Eigen vector tells us which direction the variance of our data is going through. Think of it like throwing a ball, whom in which can go multiple directions such as forward, upwards, or sideways, etc.
cor_eigen <- eigen(cor_matrix)
cov_eigen <- eigen(cov_matrix)
print("Correlation Eigen Vector:")
## [1] "Correlation Eigen Vector:"
cor_value <- cor_eigen$vectors
print(cor_value)
## [,1] [,2] [,3] [,4]
## [1,] 0.4388714 -0.5962415 0.56095237 0.37043268
## [2,] -0.6250770 0.0732461 0.05500006 0.77517016
## [3,] -0.5908590 -0.1774532 0.60558695 -0.50265342
## [4,] -0.2599159 -0.7795136 -0.56175785 -0.09607493
print("Covariance Eigen Vector:")
## [1] "Covariance Eigen Vector:"
cov_value <- cov_eigen$vectors
print(cov_value)
## [,1] [,2] [,3] [,4]
## [1,] 0.028477552 0.99929943 -0.024018111 0.0035788596
## [2,] 0.002386349 -0.02093144 -0.773693322 0.6332099362
## [3,] 0.003280818 -0.01253786 -0.633088089 -0.7739712590
## [4,] 0.999586200 -0.02837826 0.004609234 0.0009266652
We used both the correlation and covariance matrices to make sure which is more fit for interpretation.
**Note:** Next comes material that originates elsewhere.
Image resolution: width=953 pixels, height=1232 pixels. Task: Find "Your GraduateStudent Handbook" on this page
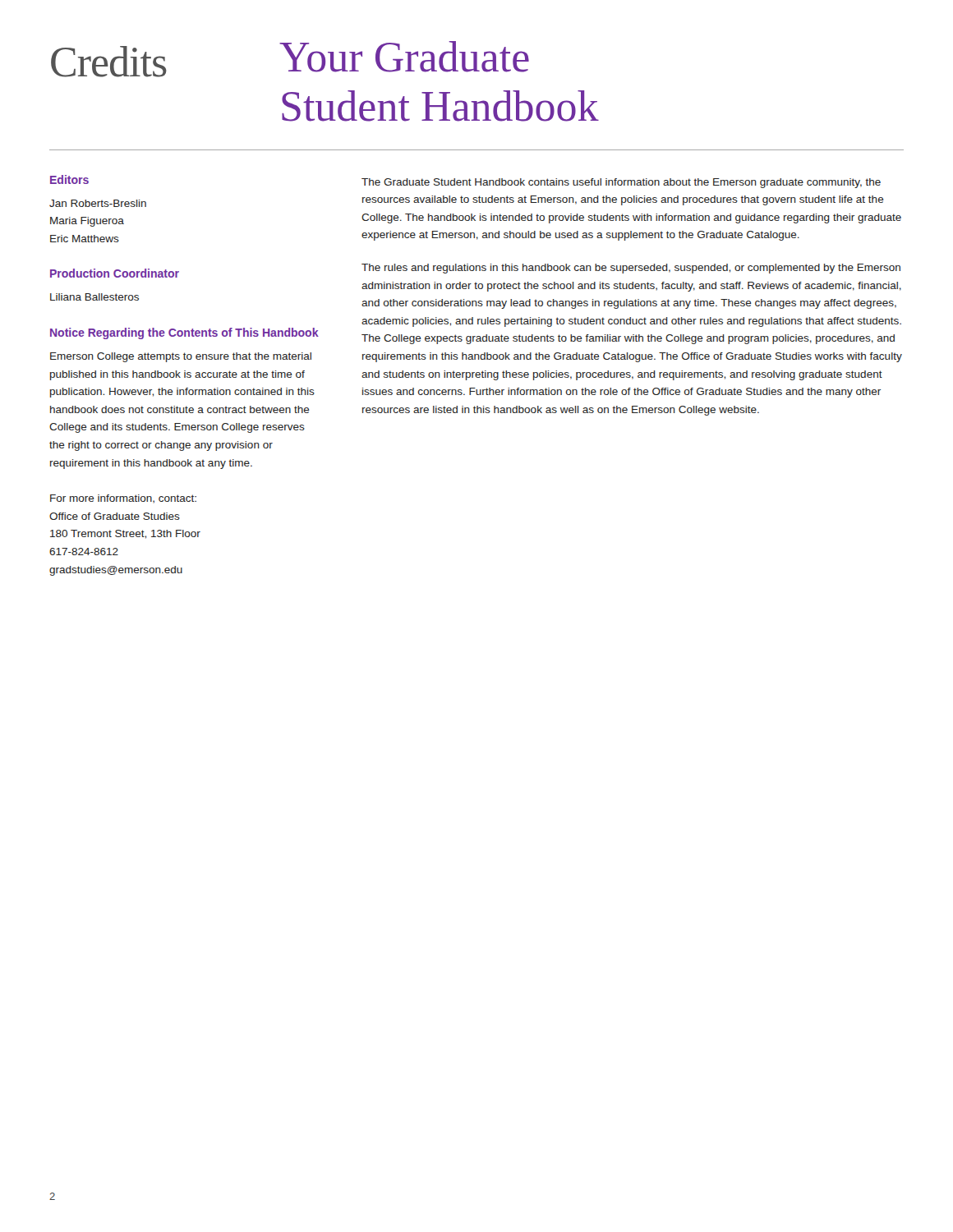point(439,82)

It can be shown above that in the correlation matrix, the variables are contributed more equally rather than the covariance (since the variable with the largest variance tends to dominate). It shows that family composition, age and fare are interconnected in meaningful patterns
Eigen Value tells us how important each direction is whom is explained by the Eigen Vector. While Eigen Vector is the direction of which the ball is thrown, Eigen Value is how far the ball is thrown
cor_eigen <- eigen(cor_matrix)
cov_eigen <- eigen(cov_matrix)
print("Correlation Eigen Value:")
## [1] "Correlation Eigen Value:"
cor_value <- cor_eigen$values
print(cor_value)
## [1] 1.6367503 1.1071770 0.6694052 0.5866676
print("Covariance Eigen Value:")
## [1] "Covariance Eigen Value:"
cov_value <- cov_eigen$values
print(cov_value)
## [1] 2802.5636587 209.0385659 0.9438783 0.4787214
The results for correlation shows genuine data structure with multiple important patterns, while the covariance merely reflect that Fare and Age have larger numerical ranges than SibSp and Parch. This confirms that correlation-based analysis is superior for interpretation.